With either format, the bye creates a problem for the champion. You made the point of the Badgers being a young team. Anyone who has followed the sport has observed that the games speed up come the postseason. The stakes are higher and so is the energy level of everyone on the ice. Wisconsin’s first-year players won’t get to experience that until the semifinals, when all of the players on the opposing team will already have at least two, maybe three, games of postseason experience. They know what it is like to go over the boards with the weight of an NCAA season riding on every shift. If Wisconsin doesn’t adjust to that immediately and falls behind, it won’t have the buffer that a best-of-three series offers. In addition, UW will be playing at a neutral site as it makes it playoff debut, not in front of the home fans. The teams fight to earn those hosting spots, but Wisconsin will just be hosting bye. Luckily for the Badgers, they will be assured of an NCAA tournament bid by that time, so a stumble in the WCHA Final Face-Off won’t end their season.

What I really don’t like about the seven-team WCHA tournament is that the players for the top seed lose a bit of their careers. We talk about how NCAA hockey is almost like the NHL for these women. Pro leagues are developing, but they’ve yet to reach the NCAA level in terms of exposure and interest. Suppose I’m Baylee Wellhausen. I’ve had my Senior Day game versus Minnesota, and if it hasn’t hit me before, it certainly does now that I’ve only got a few games of college hockey left. If the Badgers win out, I’ll get to pull on the jersey with the “W” seven more times, only this year, it is down to five before my postseason even gets started. I’m also down to a single home game, the NCAA quarterfinal, rather than at least three. Players are in the sport because they love to play, and the absence of North Dakota will take a couple of games of playing away from the Badgers. It doesn’t seem like much of a reward.

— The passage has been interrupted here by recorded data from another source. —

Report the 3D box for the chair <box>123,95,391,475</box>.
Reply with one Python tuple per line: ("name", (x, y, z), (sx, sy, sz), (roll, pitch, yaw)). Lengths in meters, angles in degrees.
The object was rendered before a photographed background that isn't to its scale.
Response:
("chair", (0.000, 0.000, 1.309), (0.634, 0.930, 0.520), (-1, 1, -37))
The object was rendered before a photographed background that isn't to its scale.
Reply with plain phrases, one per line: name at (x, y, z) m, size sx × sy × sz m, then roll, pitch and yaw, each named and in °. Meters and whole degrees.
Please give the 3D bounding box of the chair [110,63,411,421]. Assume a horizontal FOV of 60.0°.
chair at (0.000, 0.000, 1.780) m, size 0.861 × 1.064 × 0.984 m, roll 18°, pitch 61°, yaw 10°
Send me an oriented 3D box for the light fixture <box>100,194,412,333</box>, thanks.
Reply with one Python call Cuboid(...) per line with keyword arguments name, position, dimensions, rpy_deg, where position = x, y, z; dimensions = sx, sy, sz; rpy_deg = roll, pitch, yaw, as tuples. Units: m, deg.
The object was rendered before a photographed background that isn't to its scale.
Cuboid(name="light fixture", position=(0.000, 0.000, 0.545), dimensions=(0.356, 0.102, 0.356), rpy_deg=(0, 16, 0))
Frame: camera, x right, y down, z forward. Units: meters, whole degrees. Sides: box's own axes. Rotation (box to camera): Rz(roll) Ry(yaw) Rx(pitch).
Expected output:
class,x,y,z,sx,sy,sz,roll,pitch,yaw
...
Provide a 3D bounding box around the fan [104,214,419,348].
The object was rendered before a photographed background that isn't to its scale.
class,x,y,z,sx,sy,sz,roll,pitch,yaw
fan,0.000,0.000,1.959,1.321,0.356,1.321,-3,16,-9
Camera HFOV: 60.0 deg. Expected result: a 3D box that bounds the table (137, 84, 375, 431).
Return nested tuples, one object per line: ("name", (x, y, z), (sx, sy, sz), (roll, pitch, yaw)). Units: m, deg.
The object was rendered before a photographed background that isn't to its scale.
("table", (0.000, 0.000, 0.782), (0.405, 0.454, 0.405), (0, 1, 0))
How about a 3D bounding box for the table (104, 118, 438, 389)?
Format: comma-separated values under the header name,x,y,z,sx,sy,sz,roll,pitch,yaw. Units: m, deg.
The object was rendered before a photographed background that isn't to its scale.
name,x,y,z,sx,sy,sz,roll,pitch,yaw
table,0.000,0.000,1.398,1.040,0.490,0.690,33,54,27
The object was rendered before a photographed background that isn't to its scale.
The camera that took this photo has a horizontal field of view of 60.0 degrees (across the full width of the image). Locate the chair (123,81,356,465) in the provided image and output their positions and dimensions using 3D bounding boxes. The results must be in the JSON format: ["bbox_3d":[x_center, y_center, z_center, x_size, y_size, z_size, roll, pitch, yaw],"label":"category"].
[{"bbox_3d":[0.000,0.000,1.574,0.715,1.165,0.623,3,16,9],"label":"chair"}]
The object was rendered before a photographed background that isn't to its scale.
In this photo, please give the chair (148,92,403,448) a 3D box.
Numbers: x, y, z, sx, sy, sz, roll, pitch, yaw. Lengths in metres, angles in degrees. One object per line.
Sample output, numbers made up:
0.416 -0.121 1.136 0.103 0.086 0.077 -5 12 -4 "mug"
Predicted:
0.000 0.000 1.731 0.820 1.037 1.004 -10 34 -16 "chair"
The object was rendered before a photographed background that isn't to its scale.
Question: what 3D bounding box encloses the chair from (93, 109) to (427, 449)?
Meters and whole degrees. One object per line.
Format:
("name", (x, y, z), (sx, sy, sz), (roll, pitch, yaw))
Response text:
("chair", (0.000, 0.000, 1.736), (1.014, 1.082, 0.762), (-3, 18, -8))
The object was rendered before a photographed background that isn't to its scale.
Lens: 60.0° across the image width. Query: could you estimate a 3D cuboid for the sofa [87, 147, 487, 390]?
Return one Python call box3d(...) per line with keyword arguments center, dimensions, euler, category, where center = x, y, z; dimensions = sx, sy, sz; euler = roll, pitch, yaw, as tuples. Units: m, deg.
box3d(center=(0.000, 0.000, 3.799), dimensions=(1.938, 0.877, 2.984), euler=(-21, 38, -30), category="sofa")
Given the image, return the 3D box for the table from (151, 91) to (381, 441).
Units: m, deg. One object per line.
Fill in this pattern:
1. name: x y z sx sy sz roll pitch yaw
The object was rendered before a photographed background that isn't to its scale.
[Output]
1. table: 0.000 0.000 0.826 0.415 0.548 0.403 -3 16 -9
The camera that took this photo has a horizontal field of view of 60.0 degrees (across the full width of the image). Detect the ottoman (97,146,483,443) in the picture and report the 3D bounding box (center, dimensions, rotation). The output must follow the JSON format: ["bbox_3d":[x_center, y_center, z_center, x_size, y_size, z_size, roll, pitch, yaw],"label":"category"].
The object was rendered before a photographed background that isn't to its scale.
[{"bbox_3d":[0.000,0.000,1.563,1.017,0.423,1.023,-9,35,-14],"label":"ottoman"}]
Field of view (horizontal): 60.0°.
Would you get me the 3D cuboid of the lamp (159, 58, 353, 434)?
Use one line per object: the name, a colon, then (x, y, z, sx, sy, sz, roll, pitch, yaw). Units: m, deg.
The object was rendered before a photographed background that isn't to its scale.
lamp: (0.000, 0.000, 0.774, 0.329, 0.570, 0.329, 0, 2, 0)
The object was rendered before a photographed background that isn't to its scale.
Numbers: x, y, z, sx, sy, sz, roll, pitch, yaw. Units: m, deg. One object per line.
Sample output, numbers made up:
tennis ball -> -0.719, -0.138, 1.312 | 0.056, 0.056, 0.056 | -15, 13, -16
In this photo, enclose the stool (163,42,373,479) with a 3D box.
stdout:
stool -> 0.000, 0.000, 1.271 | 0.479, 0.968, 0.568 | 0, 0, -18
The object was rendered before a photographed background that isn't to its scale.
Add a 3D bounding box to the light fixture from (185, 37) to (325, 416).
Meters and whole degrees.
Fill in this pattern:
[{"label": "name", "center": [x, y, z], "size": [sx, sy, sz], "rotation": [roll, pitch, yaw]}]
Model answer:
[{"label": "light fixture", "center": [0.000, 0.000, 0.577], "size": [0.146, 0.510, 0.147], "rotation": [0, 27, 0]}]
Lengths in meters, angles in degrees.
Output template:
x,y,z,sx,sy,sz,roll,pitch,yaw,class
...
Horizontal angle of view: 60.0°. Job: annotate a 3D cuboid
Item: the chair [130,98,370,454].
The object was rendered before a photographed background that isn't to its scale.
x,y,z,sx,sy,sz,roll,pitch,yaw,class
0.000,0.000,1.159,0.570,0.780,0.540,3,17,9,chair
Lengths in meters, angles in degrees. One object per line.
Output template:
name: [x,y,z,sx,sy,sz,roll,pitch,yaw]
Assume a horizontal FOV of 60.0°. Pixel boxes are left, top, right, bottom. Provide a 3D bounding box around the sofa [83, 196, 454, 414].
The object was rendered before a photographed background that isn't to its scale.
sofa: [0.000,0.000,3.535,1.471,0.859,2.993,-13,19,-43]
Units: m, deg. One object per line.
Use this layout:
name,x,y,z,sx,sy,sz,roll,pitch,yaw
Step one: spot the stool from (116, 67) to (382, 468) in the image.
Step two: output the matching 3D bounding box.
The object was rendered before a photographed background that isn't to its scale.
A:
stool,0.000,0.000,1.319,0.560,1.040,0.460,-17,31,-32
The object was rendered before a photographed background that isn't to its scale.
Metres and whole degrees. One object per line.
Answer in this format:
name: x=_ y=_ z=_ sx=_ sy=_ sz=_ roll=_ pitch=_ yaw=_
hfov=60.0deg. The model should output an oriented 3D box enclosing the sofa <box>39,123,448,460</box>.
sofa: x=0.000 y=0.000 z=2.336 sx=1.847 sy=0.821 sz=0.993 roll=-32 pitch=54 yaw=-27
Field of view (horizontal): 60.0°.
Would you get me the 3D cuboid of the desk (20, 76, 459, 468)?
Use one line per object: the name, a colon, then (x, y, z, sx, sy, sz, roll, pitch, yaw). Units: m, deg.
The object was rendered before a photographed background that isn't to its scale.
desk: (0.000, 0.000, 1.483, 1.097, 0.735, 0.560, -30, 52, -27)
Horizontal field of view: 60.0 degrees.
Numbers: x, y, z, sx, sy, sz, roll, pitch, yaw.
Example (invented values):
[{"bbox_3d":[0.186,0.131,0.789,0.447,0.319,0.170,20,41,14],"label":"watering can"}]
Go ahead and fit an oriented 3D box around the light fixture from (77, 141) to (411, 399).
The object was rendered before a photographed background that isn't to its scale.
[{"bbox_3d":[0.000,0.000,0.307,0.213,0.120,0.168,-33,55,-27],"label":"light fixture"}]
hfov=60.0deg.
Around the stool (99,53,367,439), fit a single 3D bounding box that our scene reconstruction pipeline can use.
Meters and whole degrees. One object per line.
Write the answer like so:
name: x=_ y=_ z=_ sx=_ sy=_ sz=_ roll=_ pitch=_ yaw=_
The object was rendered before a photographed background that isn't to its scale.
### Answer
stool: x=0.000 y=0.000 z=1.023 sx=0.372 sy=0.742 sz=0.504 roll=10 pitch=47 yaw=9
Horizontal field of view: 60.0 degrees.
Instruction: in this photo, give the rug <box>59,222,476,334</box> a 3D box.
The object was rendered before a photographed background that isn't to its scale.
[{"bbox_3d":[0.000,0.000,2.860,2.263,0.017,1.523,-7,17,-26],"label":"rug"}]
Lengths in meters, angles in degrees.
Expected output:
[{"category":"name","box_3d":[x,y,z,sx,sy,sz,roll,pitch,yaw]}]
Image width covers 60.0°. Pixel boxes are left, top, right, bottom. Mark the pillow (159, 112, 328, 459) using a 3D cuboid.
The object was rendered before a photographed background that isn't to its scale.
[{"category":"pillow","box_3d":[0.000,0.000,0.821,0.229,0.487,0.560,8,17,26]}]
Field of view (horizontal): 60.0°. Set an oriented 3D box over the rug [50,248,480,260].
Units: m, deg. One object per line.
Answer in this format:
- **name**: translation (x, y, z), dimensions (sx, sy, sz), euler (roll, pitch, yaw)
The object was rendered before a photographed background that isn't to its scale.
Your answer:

I realize that the alternative, playing a single-elimination, one-week tournament like the WCHA once did or the CHA did last year results in fewer games overall, not more, and does nothing to lengthen the careers of Wellhausen and her classmates. On the flip side, it feels more like a true tournament and it is less unfair to the champion relative to the other teams. Do you have any ideas as to how you’d like to see the WCHA, or other leagues, adjust the format of the league tournament?

Nicole: Your point about the top seed losing those home matches and getting comfortable for the postseason on home ice seems particularly poignant for the Badgers, who are so good at home — they have a 20-plus game home unbeaten streak at LaBahn, which is a big, big advantage for them.

When it’s down to six or seven teams, I’m not sure there’s much of an option beyond the two you lay out above. With bigger leagues, there could be an option of a play-in game, but the small numbers really cramp the ability to do anything creative. There’s an option to make the tournament longer and set up a winners and losers bracket, but that gets pretty long and convoluted and would likely just tire teams out before they think about the NCAA’s.

There haven’t been a lot of weeks gone by this season where I haven’t lamented the loss of North Dakota, but laying out so starkly the effects of a smaller WCHA brings it sharply in focus again this week. The conference was much better for having them in it, as was women’s hockey as a whole. I’m not sure I’ll ever not be mad about the program getting cut. I hadn’t though much about the long-term effects or effects on other teams, but it’s clear that the former Fighting Hawks aren’t the only ones feeling that loss.